On the other hand, no one died. Primum non nocere.

Posted by: Chuck Dupree on August 3, 2008 6:34 AM

What an odd way for a scientist to kill himself. By Tylenol poisoning. A low painful horrid death. You'd think a scientist would have the knowledge to take a much easier way out. I'd like to know who the therapist works for, hopefully not the US Government.

They certainly got it wrong on the Hatfill investigation and on the investigation of Dr. Assaad.

"The FBI's non-investigation of this heinous and sinister crime was a joke from the beginning: after all, since when do FBI probes have official names, and why such a silly one as "Amerithrax"? Such brazen corniness has about it an unmistakable Keystone Kops air, which was certainly evident throughout the long-playing media circus that will evermore be known as the persecution of Steven J. Hatfill.

Hatfill, you'll recall, is the long-suffering victim of this horror story, a bio-weapons expert and "insider" who was targeted as the culprit not only by the FBI and New York Times columnist Nicholas Kristof, but also by dustbin Dylanologist A.J. Weberman, who, with characteristic restraint, accused him of being "the scumbag who killed several people in an attempt to awaken America to the dangers of biological warfare." This profile of the killer or killers as a "rogue insider" was also pushed by Barbara Hatch Rosenberg, a biowar expert at the State University of New York at Purchase, who chairs the Chemical and Biological Arms Control Program of the Federation of American Scientists.

It was Rosenberg who became the mainstream media's expert-in-residence at the height of the anthrax scare, and, although she never named Hatfill, it was she who relentlessly pushed the "insider" thesis to the major news organizations, which settled on her detective story as the conventional wisdom. A story that turned out to be spectacularly, disastrously, and tragically wrong. Tragic, that is, from the perspective of poor Hatfill, who found himself vilified and hounded out of his job, deprived of his position in the community, and practically run out of human society by his relentless pursuers.

The Hatfill-haters' narrative went something like this: Senor Hatfill is a right-wing nut-case with dubious connections to South Africa's apartheid regime, and quite possibly a "bio-evangelist" (as Weberman put it) who might conceivably have planned the attacks to "warn" us of the dangers of biowar – by demonstrating, on a small scale, how terrorists might envelop a nation in a miasma of fear."
http://www.antiwar.com/justin/?articleid=13090

I'm not going to be convinced they got the right guy, who just happened to conveniently off himself right in time and in a fashion that they could quickly declare the case closed. Just because he had some personality faults doesn't, by itself, make him the anthrax killer.

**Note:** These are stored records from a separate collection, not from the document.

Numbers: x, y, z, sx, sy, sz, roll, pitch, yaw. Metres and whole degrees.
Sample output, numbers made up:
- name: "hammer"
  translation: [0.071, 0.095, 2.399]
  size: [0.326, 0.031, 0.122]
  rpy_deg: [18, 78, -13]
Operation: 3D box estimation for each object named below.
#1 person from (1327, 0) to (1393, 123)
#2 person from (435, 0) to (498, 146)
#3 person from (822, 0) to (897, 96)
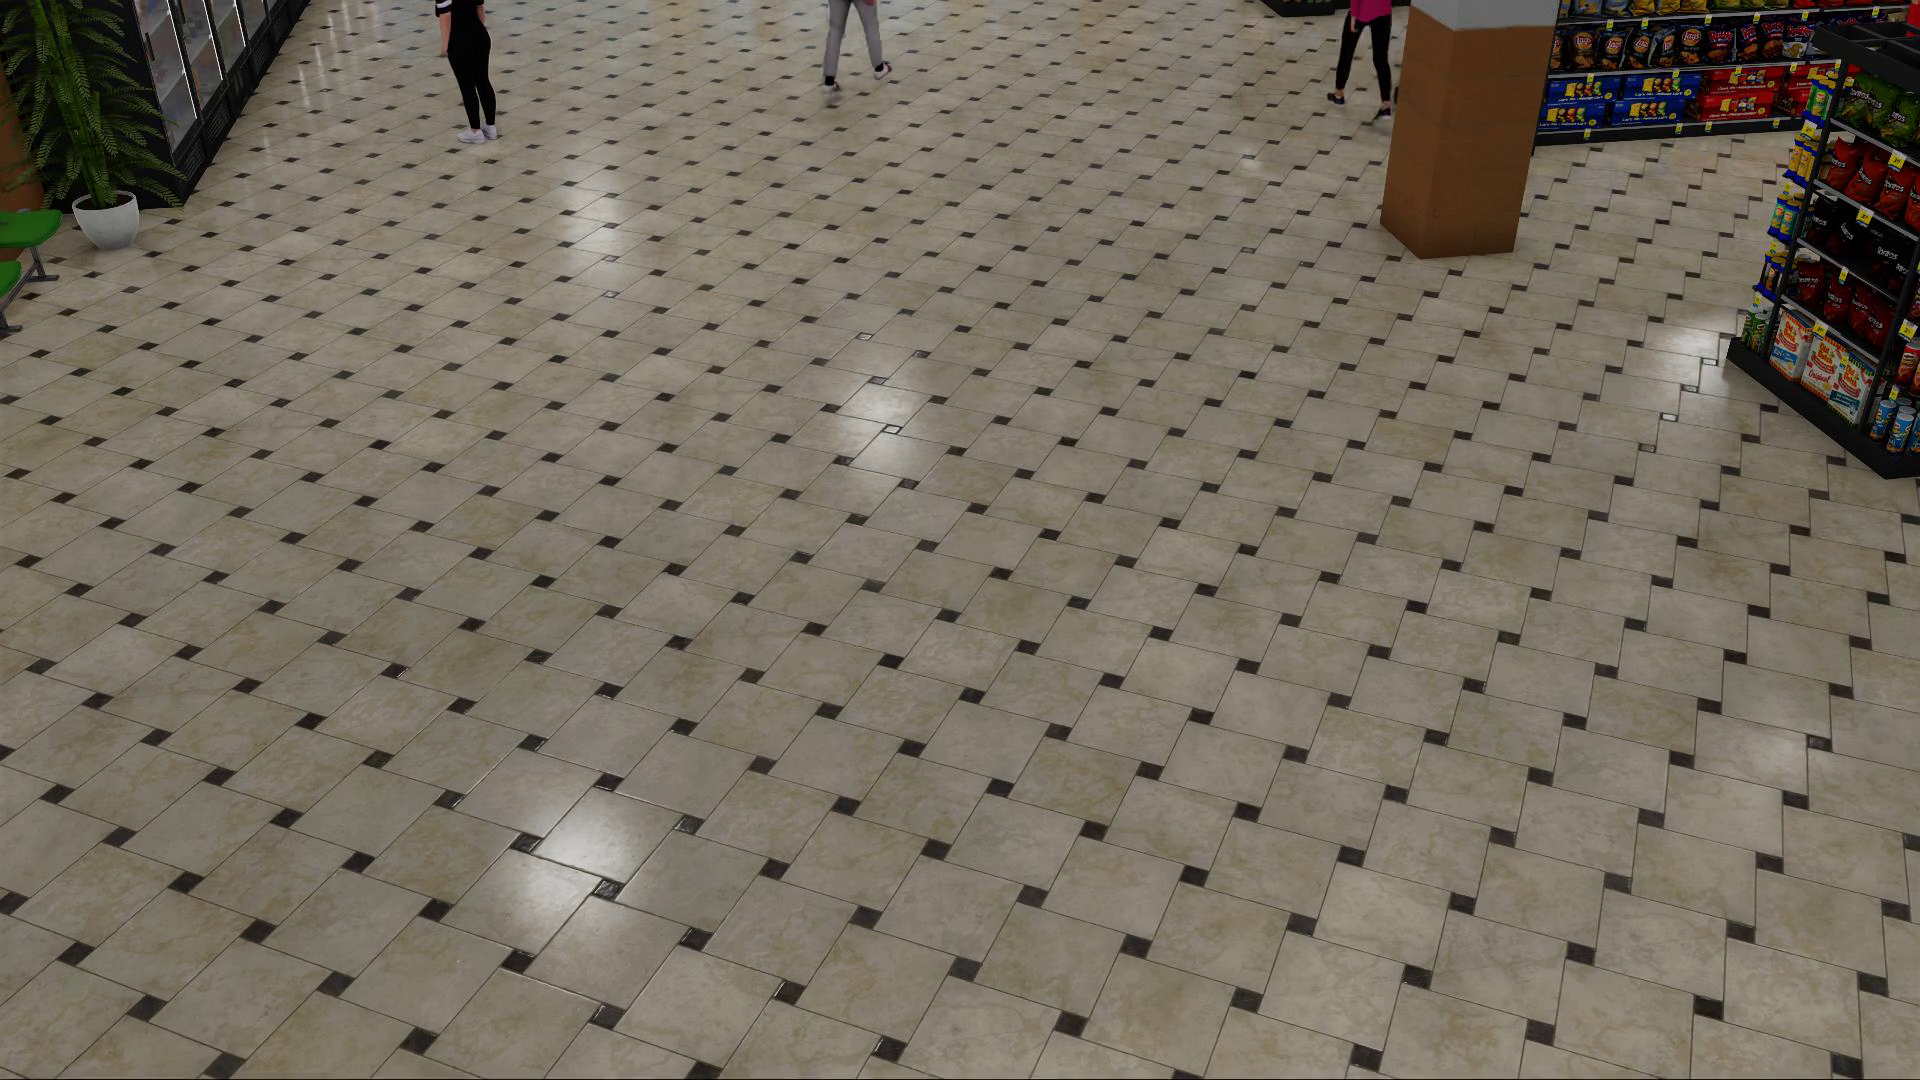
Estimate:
- name: "person"
  translation: [3.395, -4.221, 13.555]
  size: [1.072, 1.658, 0.647]
  rpy_deg: [-6, 32, -10]
- name: "person"
  translation: [-3.919, -3.971, 13.173]
  size: [0.770, 1.639, 0.709]
  rpy_deg: [21, 37, 30]
- name: "person"
  translation: [-0.993, -4.732, 14.147]
  size: [1.263, 1.900, 1.263]
  rpy_deg: [17, 36, 25]
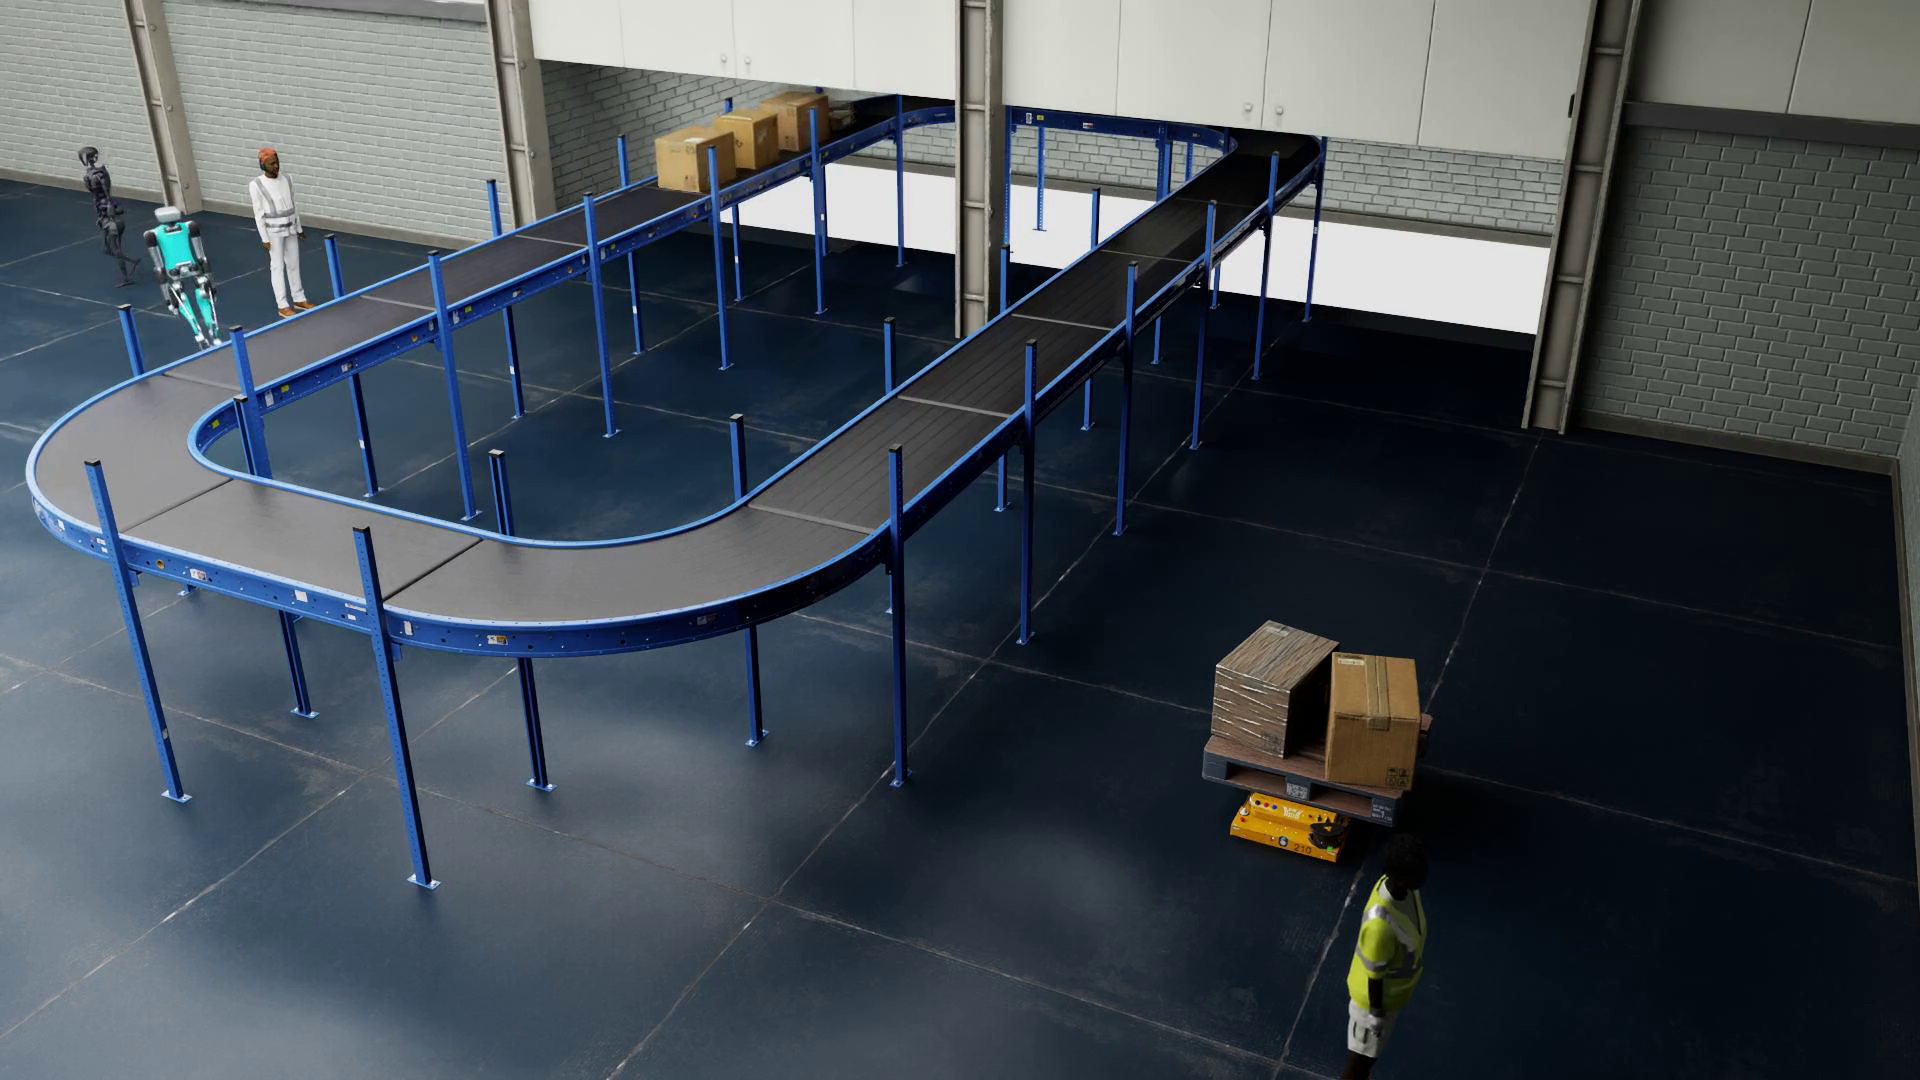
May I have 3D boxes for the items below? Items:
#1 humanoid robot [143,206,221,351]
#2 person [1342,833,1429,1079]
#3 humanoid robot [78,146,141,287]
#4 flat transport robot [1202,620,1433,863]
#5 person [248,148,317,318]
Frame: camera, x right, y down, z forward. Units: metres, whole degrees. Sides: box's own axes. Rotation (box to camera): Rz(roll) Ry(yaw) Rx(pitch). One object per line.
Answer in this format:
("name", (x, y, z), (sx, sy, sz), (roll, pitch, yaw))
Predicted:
("humanoid robot", (-7.678, -2.412, 16.703), (0.546, 1.779, 0.858), (-22, 34, -37))
("person", (1.963, 2.070, 7.698), (0.316, 1.696, 0.539), (12, 29, 22))
("humanoid robot", (-9.963, -3.818, 19.588), (0.442, 1.646, 0.606), (-22, 34, -38))
("flat transport robot", (2.245, 1.493, 10.468), (0.659, 0.231, 1.431), (12, 29, 23))
("person", (-7.574, -3.430, 18.574), (0.351, 1.882, 0.581), (12, 29, 22))

Posted by: Buck on August 3, 2008 8:45 AM

And one more thing, isn't a therapist required to report that a patient has tried to kill people. I think most states have updated their laws to require therapists to report such things. And why didn't she report that he was a killer when he told her, however many years ago that was.

Posted by: Buck on August 3, 2008 8:50 AM

She did report it, and every report I've read of Ivins's death said so. She had a restraining order taken out on him, after all.

While it appears that Hatfill was not the guy, it does seem to me that he was a reasonable suspect. If it was really Ivins, then it was indeed an insider. Ivins was one of the scientists asked to check the samples the FBI had, and that's about as inside as it gets.

Personally I trust no one, following the X-Files recommendation, so I don't believe fer sher that Ivins did it. Nor do I believe fer sher that Hatfill was not involved.

But I have to disagree with the statement about a painful death. He took a huge amount of Tylenol mixed with codeine. It's hard to imagine feeling pain, or anything at all, after that.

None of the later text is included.